Chapter 7 by John Hartwig and Mark Pouy (University of Illinois, USA) covers iridium-based allylic substitution. As with other chapters, Hartwig and Pouy present a historical overview of nucleophilic attack on iridium-allyl complexes. This proceeds through a survey of ligands used for enantioselective C–C forming reactions using PHOX, PYBOX, DIAPHOX, phosphoramidite, and chiral phosphite ligands. The authors then proceed to discuss recent advances in catalyst design resulting from identification of the catalytic intermediate in the phosphoramidite reaction, in which a C–H activation of the ligand had occurred. Fine tuning of the ligand led to excellent yields and enantiomeric excesses (ees) for enantioselective coupling of amines and soft carbon nucleophiles with allyl carbonate substrates (see Figure 4). The chapter concludes with detailed mechanistic discussion of the intermediates involved in these coupling reactions and the challenges that remain in allylic substitution.

Fig. 4.

An example of an enantioselective coupling of an amine and a soft carbon nucleophile with allyl carbonate substrate, with an iridium catalyst

An example of an enantioselective coupling of an amine and a soft carbon nucleophile with allyl carbonate substrate, with an iridium catalyst

1,3-Dipolar Cycloadditions

Chapter 8 by Daniel Carmona and Luis Oro (University of Zaragoza-CSIC, Spain) finishes off the collection by presenting a summary of 1,3-dipolar additions to alkenes and alkynes using iridium catalysis. For comparison, related reactions with other transition metal complexes (for example, iron or ruthenium), are included. With iridium, the enantioselective dipolar addition of a nitrone to methacrolein is discussed as one of the more studied reactions with iridium. Both the catalytic cycle and the origin of the enantioselectivity are discussed.
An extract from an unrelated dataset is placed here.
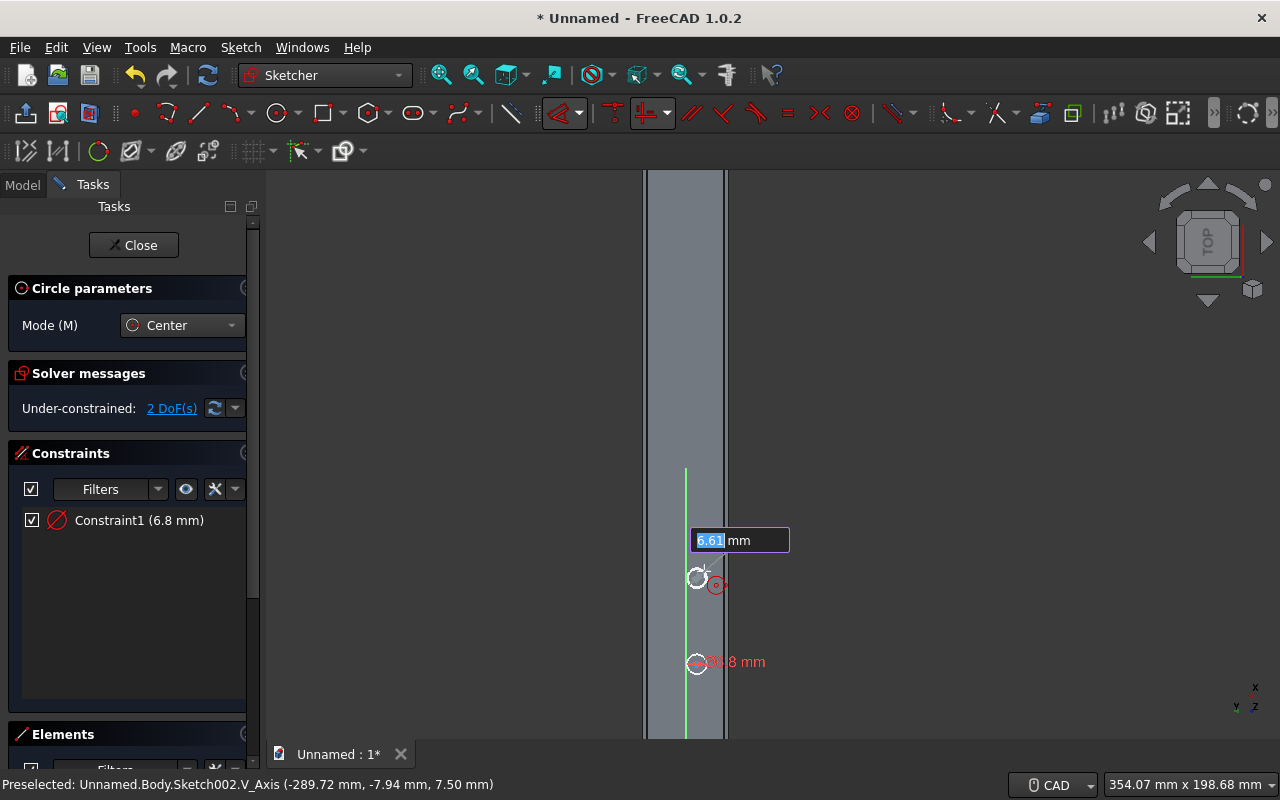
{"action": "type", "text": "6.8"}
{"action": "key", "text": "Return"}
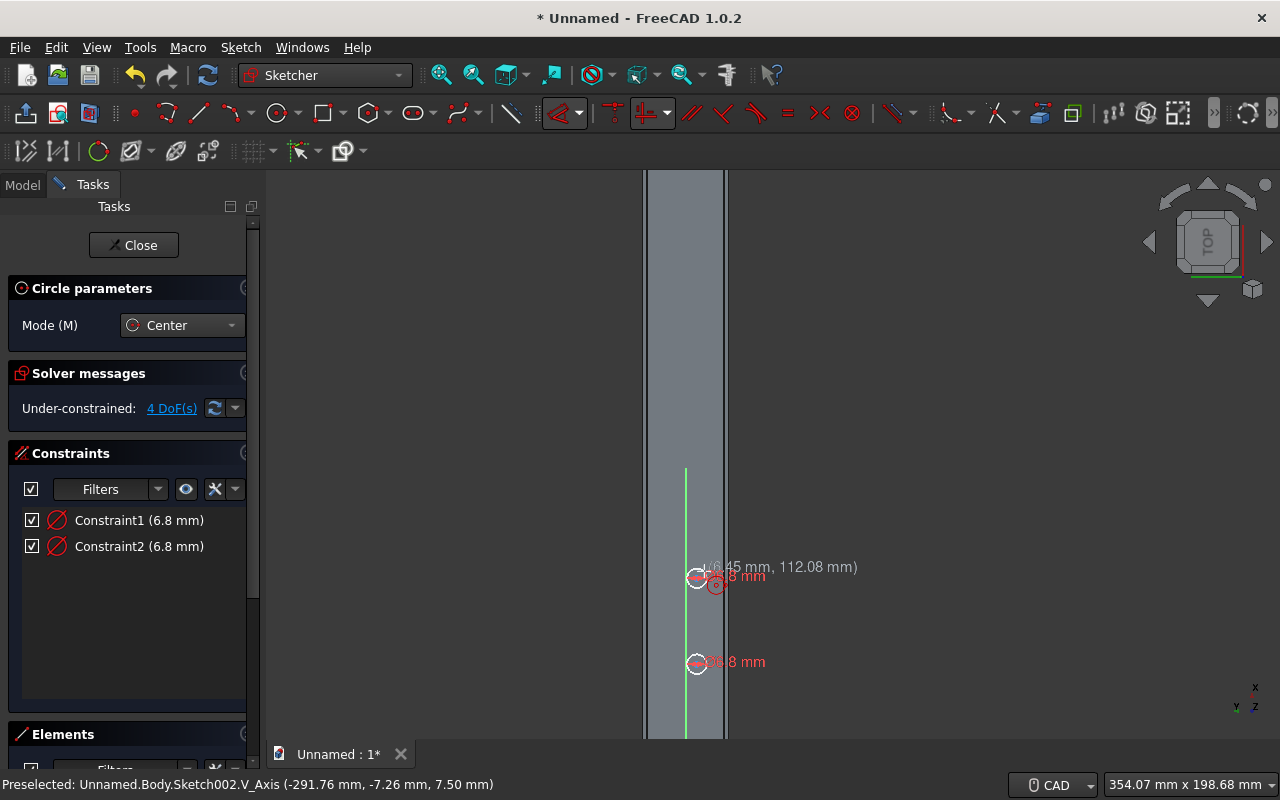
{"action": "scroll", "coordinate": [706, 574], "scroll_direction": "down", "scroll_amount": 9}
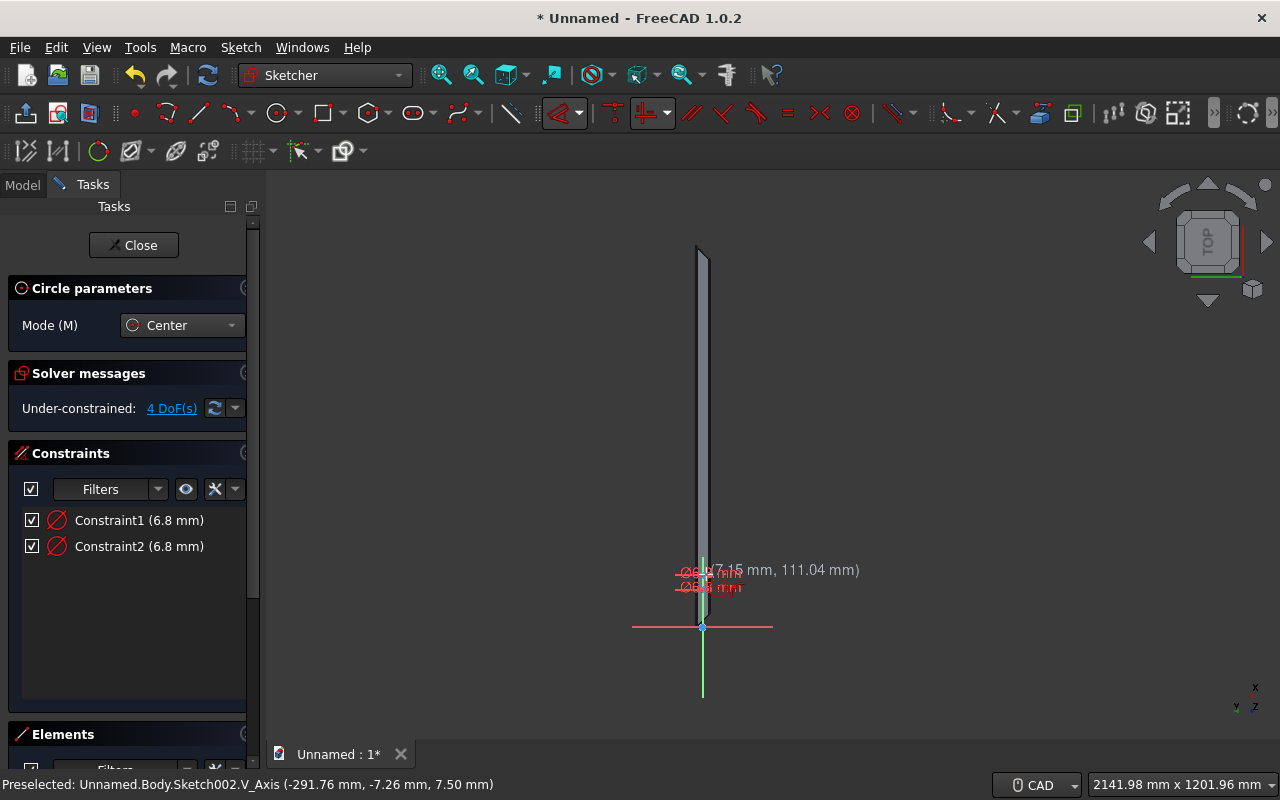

Overall, “Iridium Catalysis” will serve as a useful up-to-date resource for both those entering the field and those experienced chemists who may not be aware of the advances that have been made. In one location, one has access to a range of organometallic catalysis using the latest ligands and reaction conditions. The only topic that I did not see covered is the industrial uses of iridium catalysis (for example, in the Cativa process (2)), but otherwise the book is complete. Many examples of iridium catalysis in enantioselective chemistry are included. The book includes a historical perspective on some of the problems that shows chemistry as a living subject. Readers will be stimulated to find new applications for iridium in catalysis after they examine this book.

"Iridium Catalysis" LINK




  1.  J. F. Young, J. A. Osborn, F. H. Jardine and G. Wilkinson, Chem. Commun. (London), 1965, (7), 131 LINK
  2.  H. Jones, Platinum Metals Rev., 2000, 44, (3), 94 LINK

The Reviewer

William D. Jones received his BS in Chemistry at Massachusetts Institute of Technology, USA, in 1975. He obtained a PhD degree in Chemistry at California Institute of Technology in 1979 with Robert G. Bergman, and moved to the University of Wisconsin as a National Science Foundation (NSF) postdoctoral fellow with Professor Chuck Casey. He began at the University of Rochester in 1980, where he is now the Charles F. Houghton Professor of Chemistry. Jones’ research interests include organometallic research in strong C–X bond cleavage, catalysis, model studies, mechanisms, kinetics, thermodynamics and synthetic applications.